_Work task_. Using the entries that follow, establish how many lines contain the word "Rains" and give only that figure.

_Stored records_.
• • • • • • •

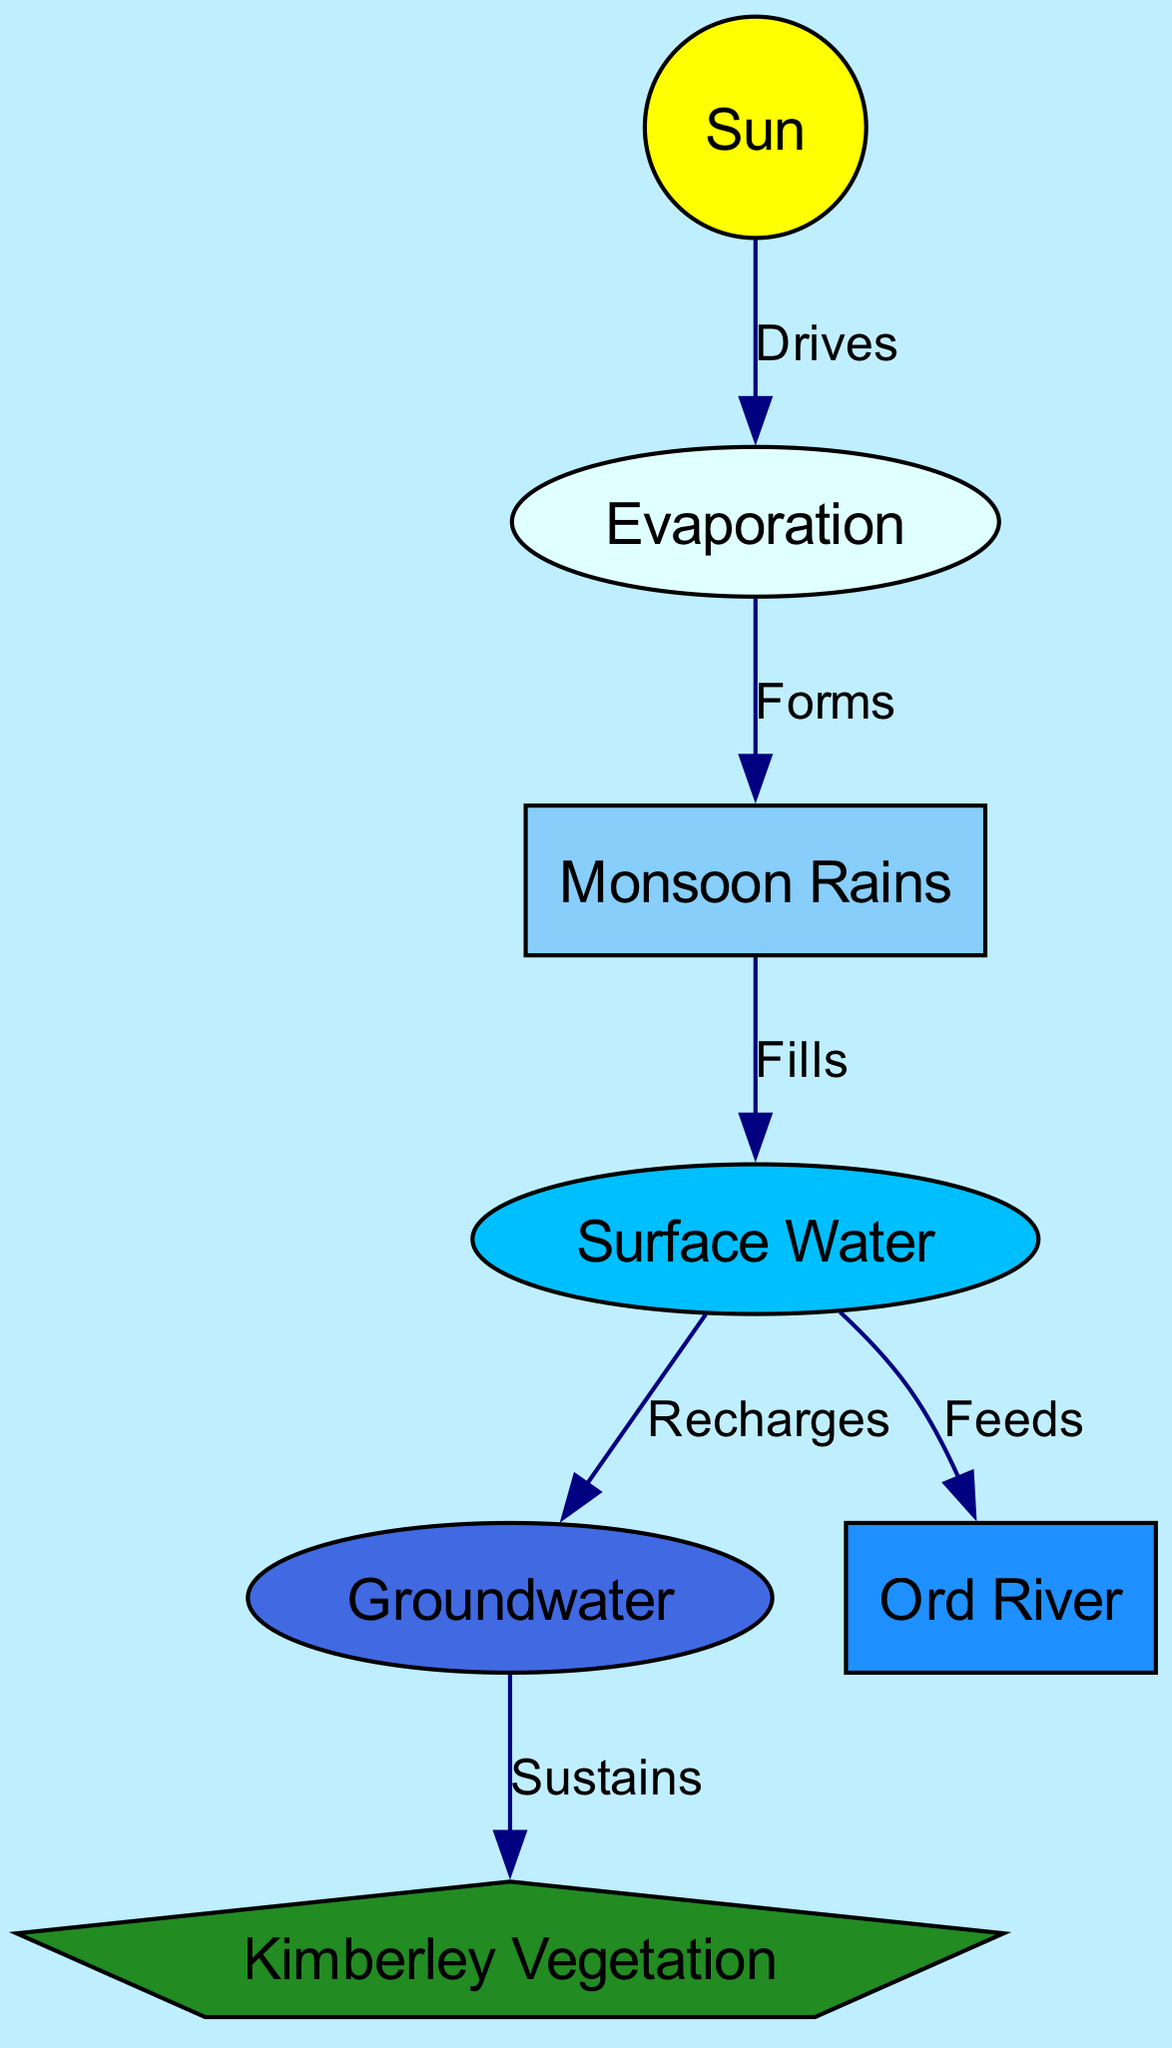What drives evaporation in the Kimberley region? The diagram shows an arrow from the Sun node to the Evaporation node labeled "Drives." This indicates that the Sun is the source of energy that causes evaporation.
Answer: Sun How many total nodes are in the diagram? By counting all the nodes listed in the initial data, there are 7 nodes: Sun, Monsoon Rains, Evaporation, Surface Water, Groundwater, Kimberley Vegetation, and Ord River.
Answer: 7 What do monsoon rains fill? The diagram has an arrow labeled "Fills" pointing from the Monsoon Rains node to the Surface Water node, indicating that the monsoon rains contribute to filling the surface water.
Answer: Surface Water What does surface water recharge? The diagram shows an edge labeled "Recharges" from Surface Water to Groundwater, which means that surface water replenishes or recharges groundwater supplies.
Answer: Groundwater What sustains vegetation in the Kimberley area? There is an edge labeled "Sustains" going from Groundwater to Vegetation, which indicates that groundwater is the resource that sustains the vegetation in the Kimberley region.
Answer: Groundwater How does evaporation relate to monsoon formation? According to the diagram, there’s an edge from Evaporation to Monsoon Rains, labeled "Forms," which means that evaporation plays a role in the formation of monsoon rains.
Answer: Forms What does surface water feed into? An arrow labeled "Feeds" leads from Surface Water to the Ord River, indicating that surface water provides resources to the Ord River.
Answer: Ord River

• • • • • • •

_Written response_. 3